Conversando con l’ospite del podcast Simon Mundie, Renee McGregor traccia un quadro particolarmente preoccupante. Quadro con il quale concorda in pieno Laura Dalla Ragione psichiatra, fondatrice e direttrice della Rete per i Disturbi del Comportamento Alimentare della USL 1 dell’Umbria. “Paradossalmente lo sport, fatto in forma anche amatoriale intensiva oltre che professionistica, può costituire un fattore di rischio per i disturbi alimentari, soprattutto per quello che riguarda le discipline dove c’è una enfatizzazione della forma fisica in termini di magrezza. Quindi l’atletica leggera, l’equitazione, la danza, tutti gli sport da palestra come il body building, il ciclismo”, ci racconta in un’intervista.

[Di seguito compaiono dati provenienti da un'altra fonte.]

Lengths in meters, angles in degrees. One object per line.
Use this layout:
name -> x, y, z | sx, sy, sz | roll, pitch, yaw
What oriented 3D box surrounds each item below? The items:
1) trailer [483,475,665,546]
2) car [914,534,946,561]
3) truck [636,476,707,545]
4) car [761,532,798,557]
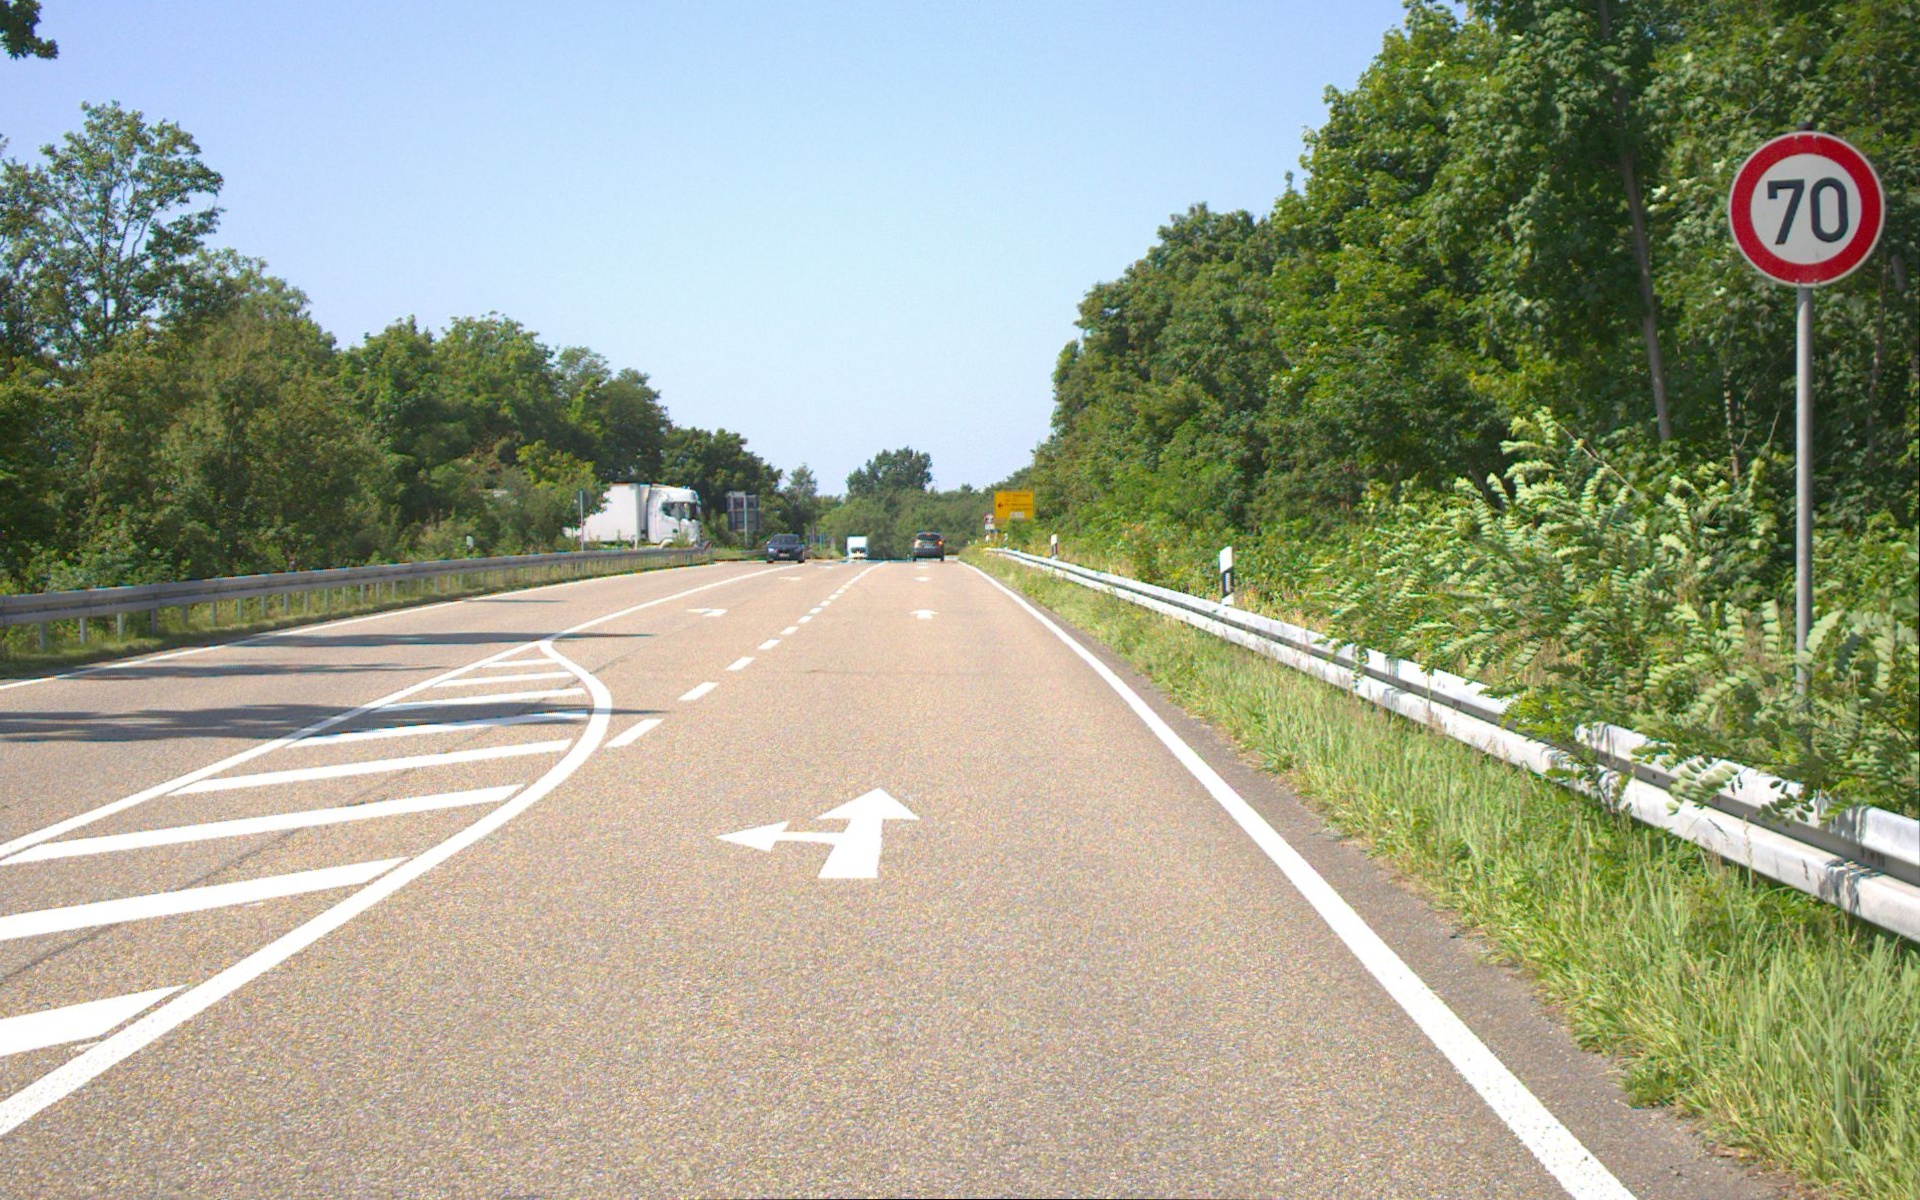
trailer -> -19.871, -4.612, 177.254 | 9.102, 3.566, 2.000 | 0, 1, 1
car -> -1.653, -2.888, 189.056 | 1.741, 1.465, 3.693 | 0, 1, -1
truck -> -14.863, -4.588, 177.107 | 3.465, 3.525, 2.000 | 0, 1, 1
car -> -9.125, -2.814, 173.908 | 1.730, 1.263, 3.905 | 0, 1, -1
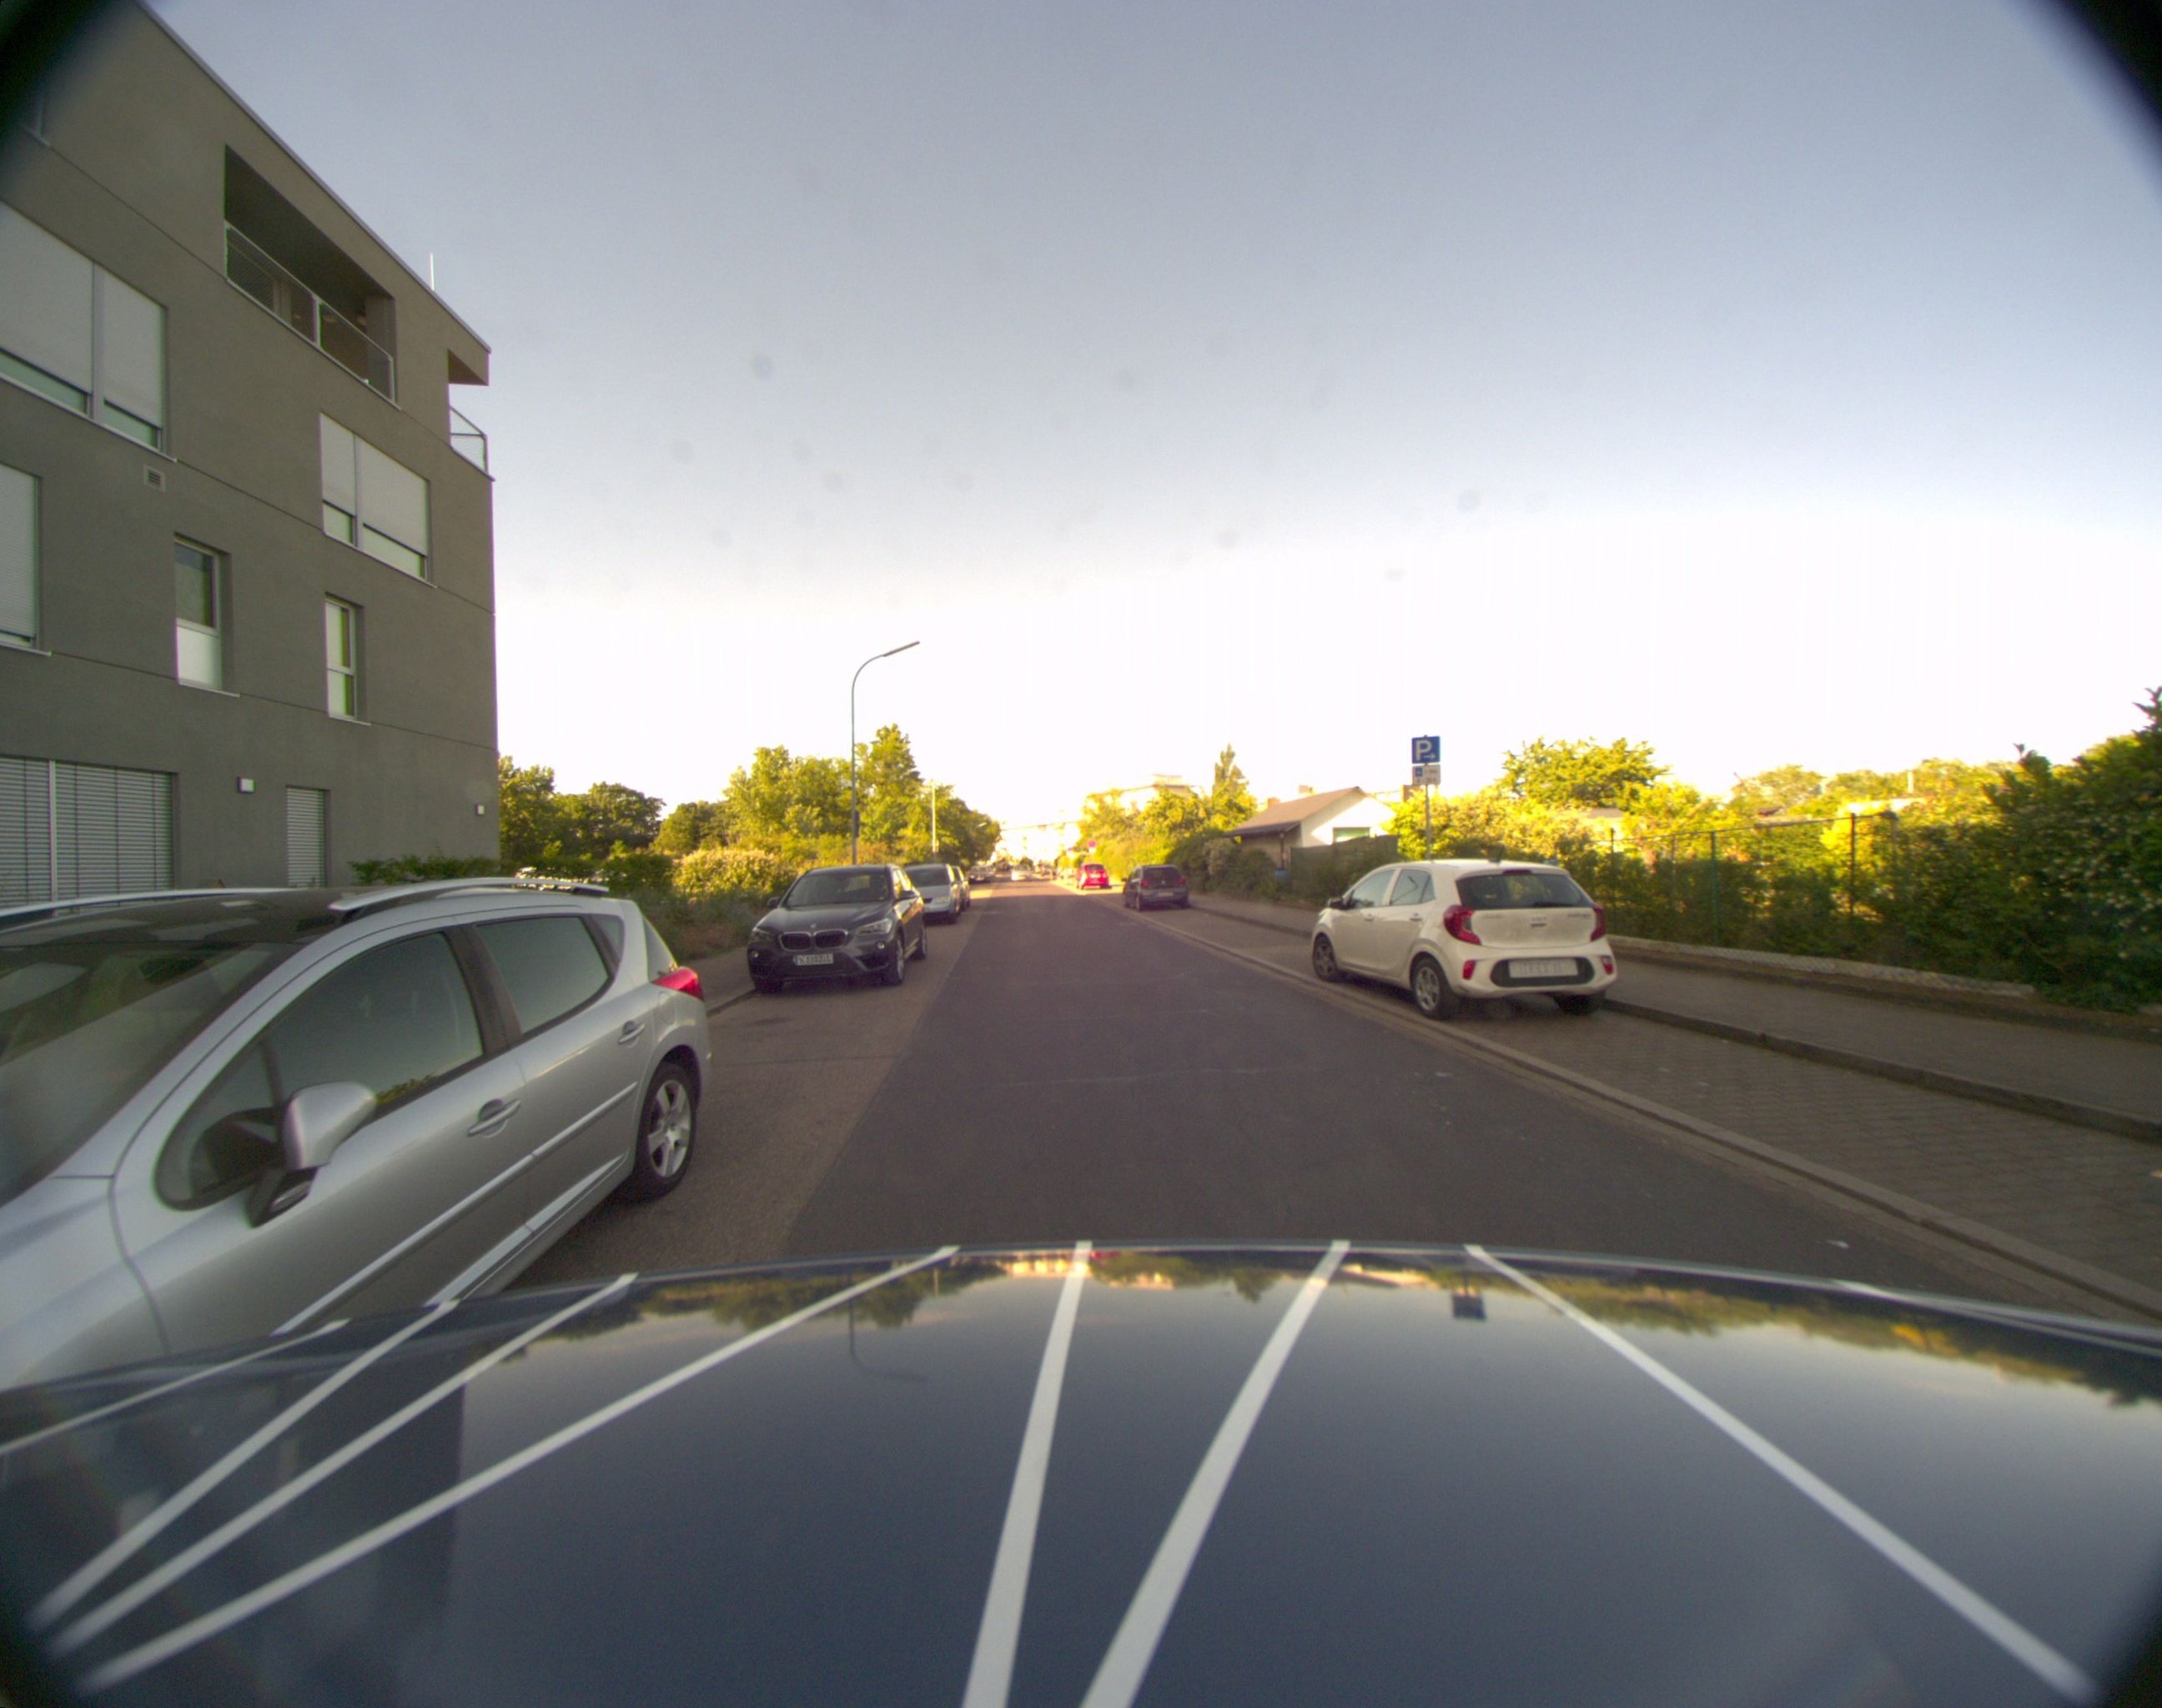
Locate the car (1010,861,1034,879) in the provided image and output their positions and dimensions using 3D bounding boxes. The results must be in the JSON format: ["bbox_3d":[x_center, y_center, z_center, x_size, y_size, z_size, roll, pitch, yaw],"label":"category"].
[{"bbox_3d":[-5.132,1.384,65.881,1.680,1.440,3.996,-1,0,-10],"label":"car"}]

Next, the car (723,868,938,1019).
[{"bbox_3d":[-3.308,1.066,11.098,1.750,1.557,4.801,-3,0,-4],"label":"car"}]

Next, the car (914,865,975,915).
[{"bbox_3d":[-4.671,1.198,26.357,1.712,1.517,3.091,-3,0,-5],"label":"car"}]

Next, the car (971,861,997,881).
[{"bbox_3d":[-7.829,1.361,61.589,1.874,1.517,4.153,-2,0,-5],"label":"car"}]

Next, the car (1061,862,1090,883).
[{"bbox_3d":[-0.423,1.247,53.102,1.701,1.361,3.909,-1,0,-6],"label":"car"}]

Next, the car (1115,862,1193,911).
[{"bbox_3d":[2.354,1.016,25.705,1.701,1.415,4.515,-3,0,-6],"label":"car"}]

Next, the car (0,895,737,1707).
[{"bbox_3d":[-2.655,1.026,2.095,1.712,1.517,4.153,-3,0,-5],"label":"car"}]

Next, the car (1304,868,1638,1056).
[{"bbox_3d":[3.787,0.929,8.068,1.532,1.479,3.400,-2,0,-6],"label":"car"}]

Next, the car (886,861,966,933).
[{"bbox_3d":[-4.250,1.101,21.385,1.712,1.695,4.347,-4,0,-7],"label":"car"}]

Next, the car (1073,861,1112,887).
[{"bbox_3d":[0.611,1.103,43.508,1.701,1.421,4.384,-1,0,-6],"label":"car"}]
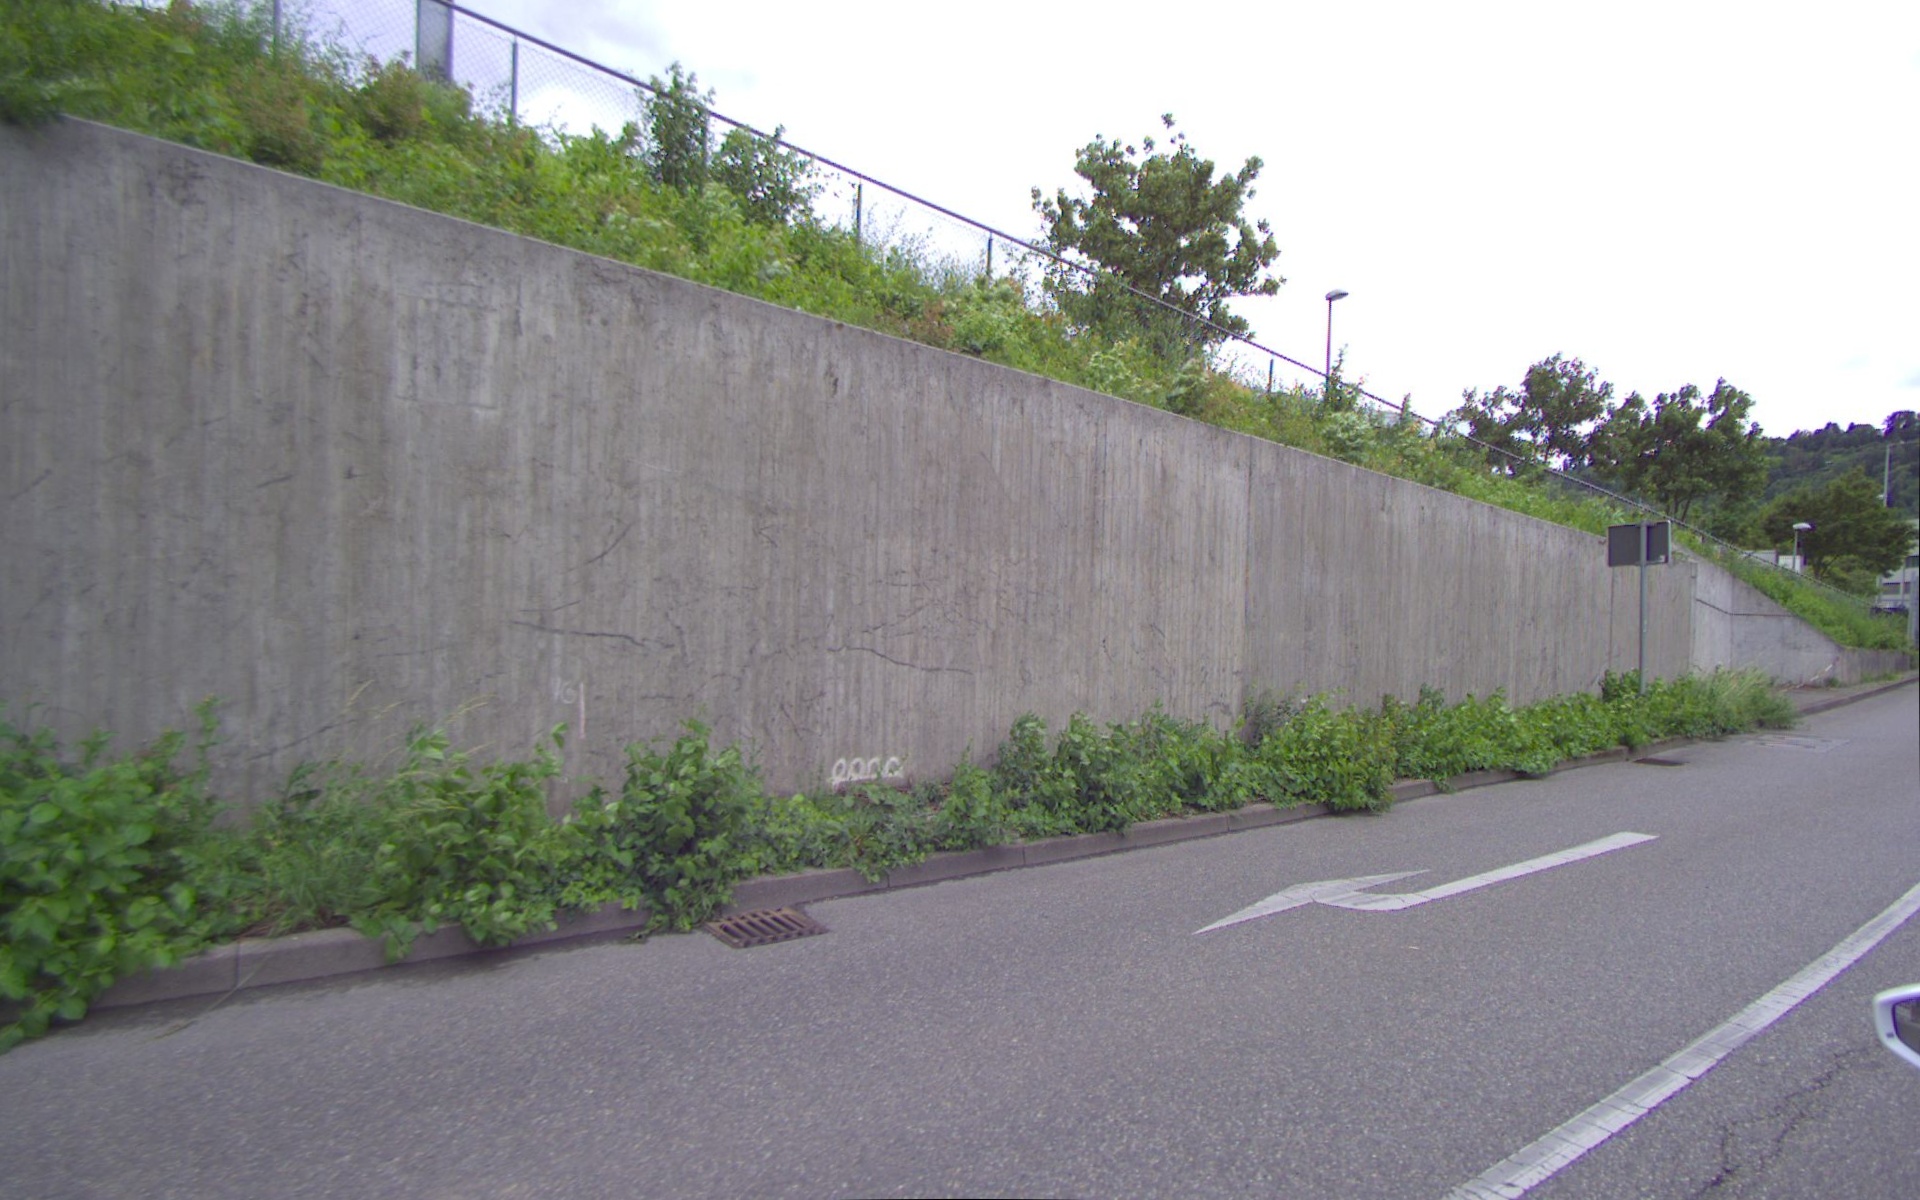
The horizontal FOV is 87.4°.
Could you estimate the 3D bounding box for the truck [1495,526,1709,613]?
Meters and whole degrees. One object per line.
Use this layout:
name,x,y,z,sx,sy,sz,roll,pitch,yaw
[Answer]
truck,29.273,-1.388,46.266,7.712,3.584,3.053,2,-2,20

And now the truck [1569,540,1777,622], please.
truck,34.270,-0.923,48.716,7.718,3.584,3.051,2,-2,25

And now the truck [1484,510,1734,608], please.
truck,26.133,-1.667,40.979,7.995,3.584,3.053,2,-2,20

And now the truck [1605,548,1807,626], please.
truck,38.009,-0.665,51.549,7.714,3.584,3.052,2,-2,22

Dalla Ragione lo spiega bene anche nel libro “Il gigante d’argilla” (Il Pensiero Scientifico Editore: “È possibile, infatti, che soggetti predisposti, ipercritici e insoddisfatti del loro corpo e del loro peso, in seguito al mancato conseguimento dei risultati attesi, sviluppino una visione negativa della propria immagine e facciano di tutto per ottenere un corpo più efficiente e armonico”.
Ma perchè chi pratica lo sport è così a rischio? “La prima cosa da dire è che non è una questione di sport, di cibo, neanche dell’immagine corporea”, spiega McGregor. “Il disturbo alimentare è solo una piattaforma che queste persone adoperano per proiettare ciò che sta realmente accadendo loro e spesso le persone più suscettibili (…) sono i perfezionisti, i più motivati, quelli più autocritici e ipersensibili, gli ossessivo-compulsivi”. Questo non vuol dire che tutte le persone che si riconoscono in queste categorie svilupperanno per forza un disturbo del comportamento alimentare (DCA), solo che nella pratica clinica si osserva che questi sono quelli più suscettibili.
La prima cosa da dire è che non è una questione di sport, di cibo, neanche dell’immagine corporea.
Come riconoscere un disturbo alimentare in uno sportivo?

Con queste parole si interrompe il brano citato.